Unnamed: 0,Borough,Cluster Labels,1st Most Common Venue,2nd Most Common Venue,3rd Most Common Venue,4th Most Common Venue,5th Most Common Venue
1,East Toronto,4,Italian Restaurant,Coffee Shop,Restaurant,Café,Bakery
6,Central Toronto,4,Coffee Shop,Restaurant,Park,Café,Japanese Restaurant
11,Downtown Toronto,4,Coffee Shop,Bakery,Restaurant,Park,Italian Restaurant
12,Downtown Toronto,4,Japanese Restaurant,Coffee Shop,Restaurant,Hotel,Café
13,Downtown Toronto,4,Coffee Shop,Park,Bakery,Café,Restaurant
14,Downtown Toronto,4,Coffee Shop,Restaurant,Japanese Restaurant,Italian Restaurant,Café
15,Downtown Toronto,4,Coffee Shop,Café,Restaurant,Italian Restaurant,Gym
16,Downtown Toronto,4,Coffee Shop,Restaurant,Café,Bakery,Park
17,Downtown Toronto,4,Coffee Shop,Italian Restaurant,Café,Japanese Restaurant,Bar
18,Downtown Toronto,4,Coffee Shop,Café,Restaurant,Hotel,Gym


Cluster 5 seems to be realted with coffee shops, restaurant, café.

## Conclusions
During this exercise we have gone from web data to pandas, then to a map and finally we have used machine learning to cluster neighborhoods depending on the type of venus they have.  
We have used 5 clusters:  
- Clusters 1 (red),3 (light blue) and 5 (orange) have many coffee shops and Cafés.

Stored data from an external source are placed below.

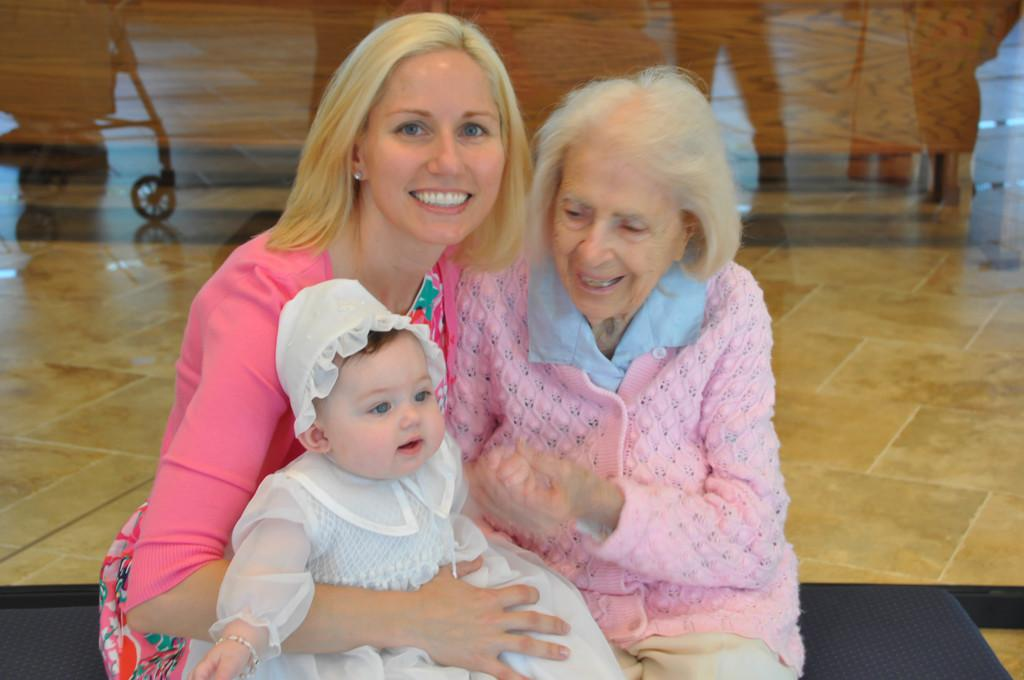Who or what is present in the image? There are people in the image. What are the people doing in the image? The people are sitting. How do the people appear to be feeling in the image? The people are smiling. What type of boundary can be seen in the image? There is no boundary present in the image; it features people sitting and smiling. 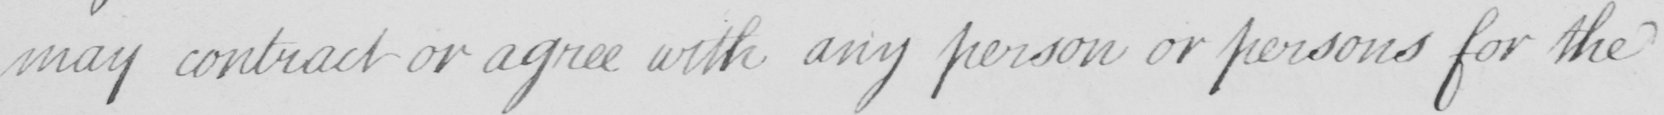What text is written in this handwritten line? may contract or agree with any person or persons for the 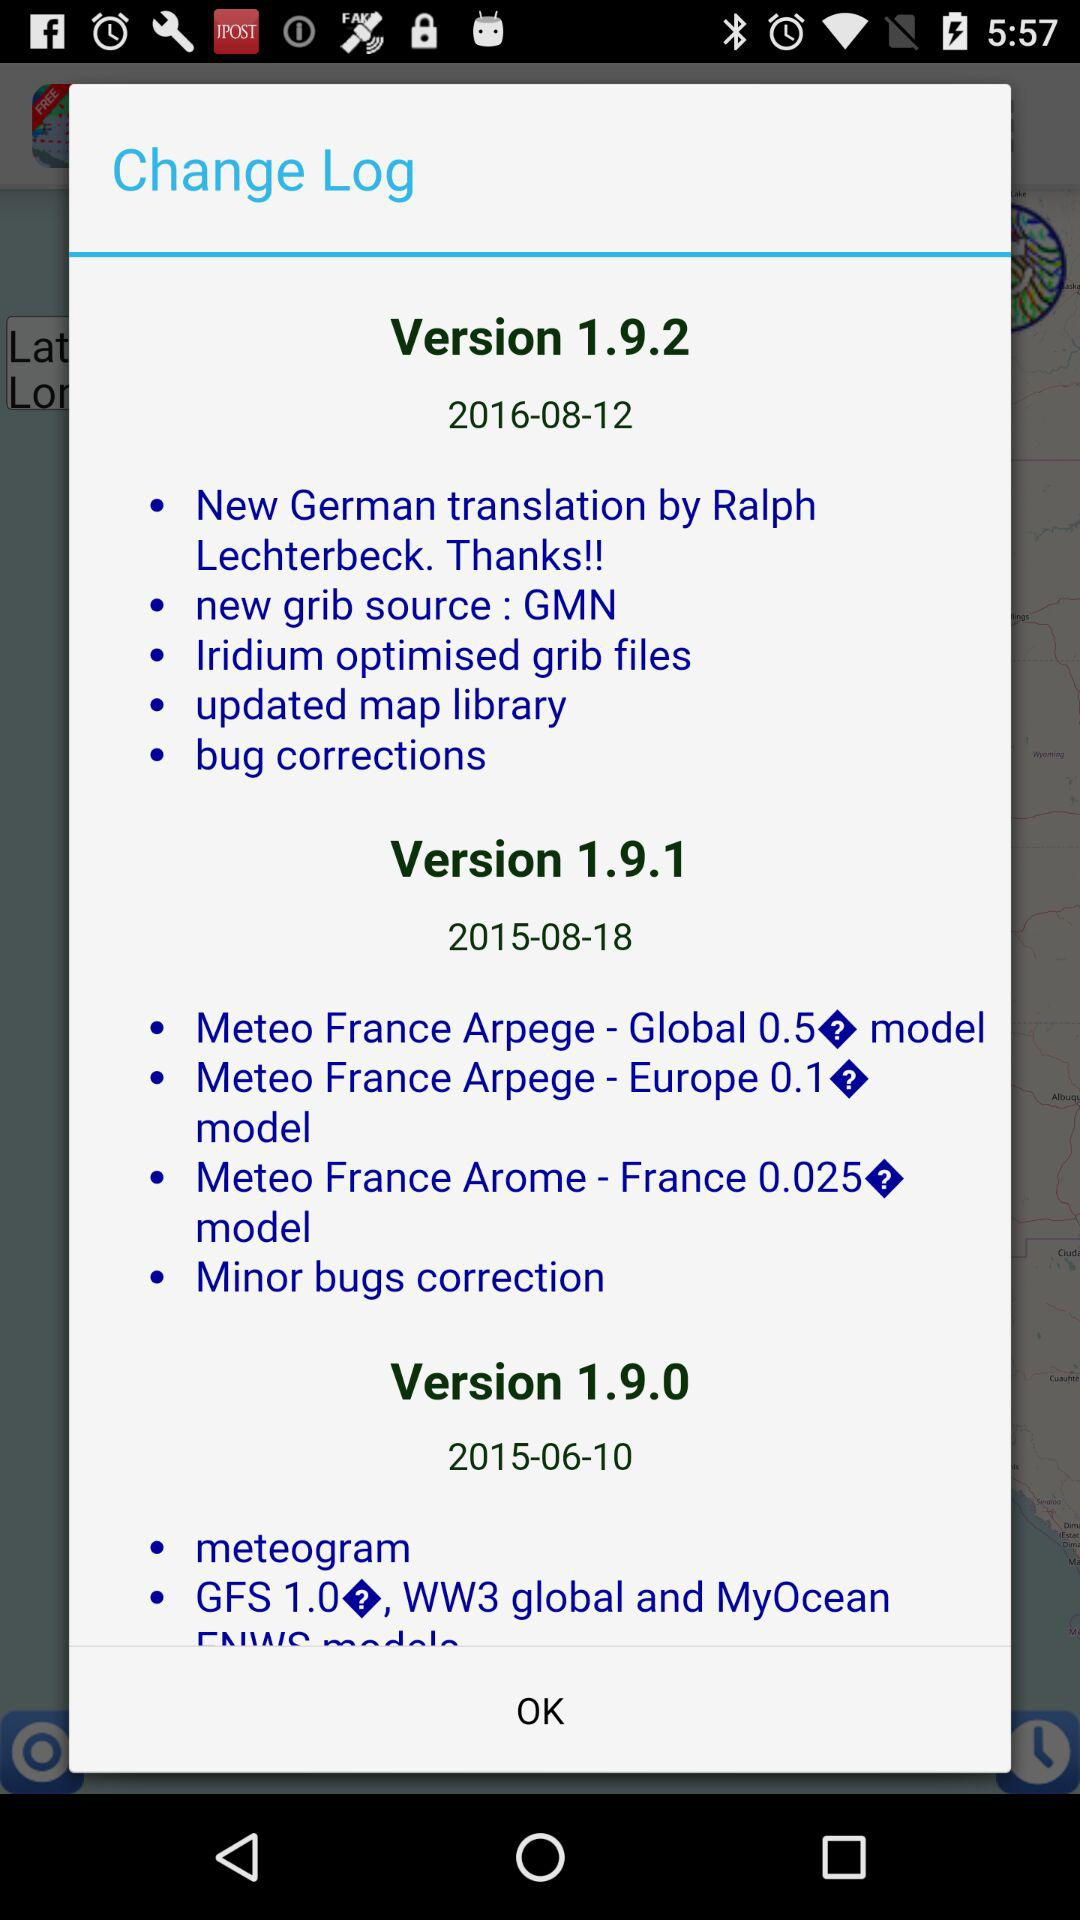What is the source of the new grib? The source of the new grib is GMN.

Additionally you can have some food at restaurants around there and you have some parks as well. If you want to have cake with your cofee, then best cluster is 3 (light blue). Cluster 1 has more parks and Cluster 5 more bar-restaurants.
- Cluster 2 (purple) is the healty cluster, where you can find parks and gyms.
- Cluster 4 (orange) is the most balanced cluster. It has parks, restaurants and hotels. The only thing missing there is coffee shops.